Task description: An exact retyping of all lines below is the answer; pictures do not belong in it.
▬▬▬
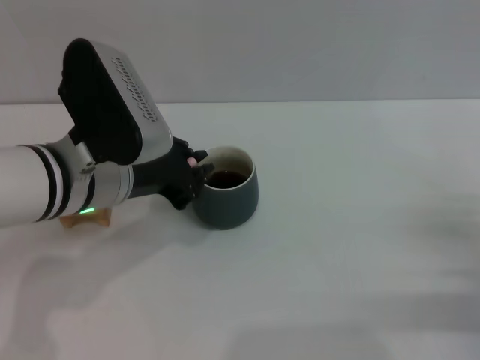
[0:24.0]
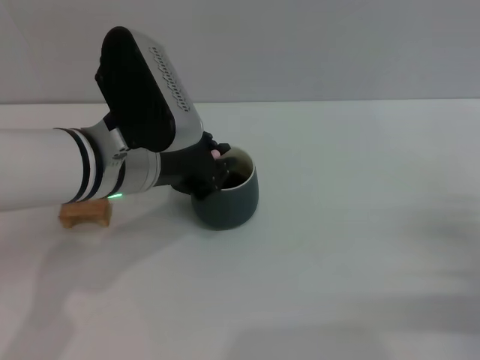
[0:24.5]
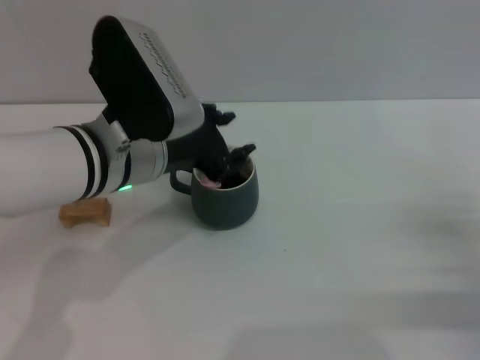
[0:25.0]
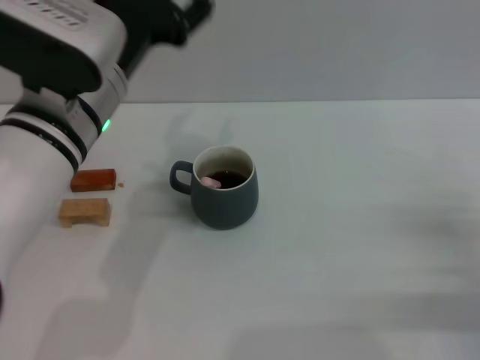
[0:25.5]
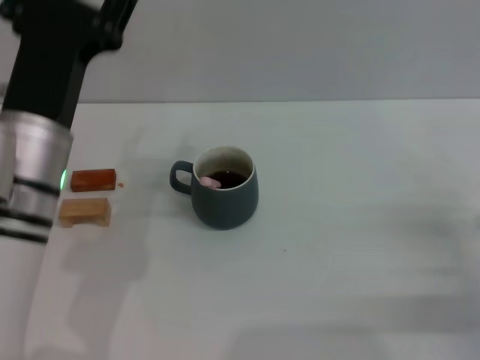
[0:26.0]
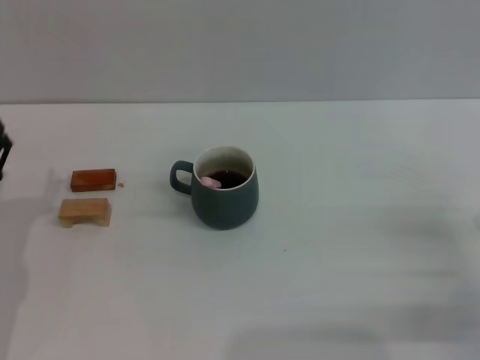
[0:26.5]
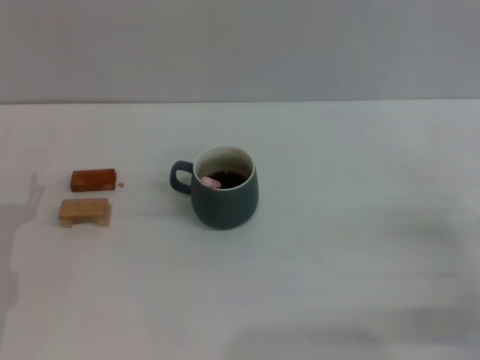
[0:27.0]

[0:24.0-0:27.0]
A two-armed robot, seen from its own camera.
Task of the whole recording: Move the grey cup to the center, lift the pink spoon, stir it three times in the cup, and put the spoon into the cup.
0:24.0 to 0:25.5: The left gripper opens.
0:25.5 to 0:27.0: The left gripper shifts some 25 cm downward and to the left.
▬▬▬
Response to the exercise:
[0:24.0]
[0:24.5]
[0:25.0]
[0:25.5]
[0:26.0]
[0:26.5]
[0:27.0]

[0:24.0-0:27.0]
A two-armed robot, seen from its own camera.
Task of the whole recording: Move the grey cup to the center, lift the pink spoon, stir it three times in the cup, and put the spoon into the cup.
0:24.0 to 0:25.5: The left gripper opens.
0:25.5 to 0:27.0: The left gripper shifts some 25 cm downward and to the left.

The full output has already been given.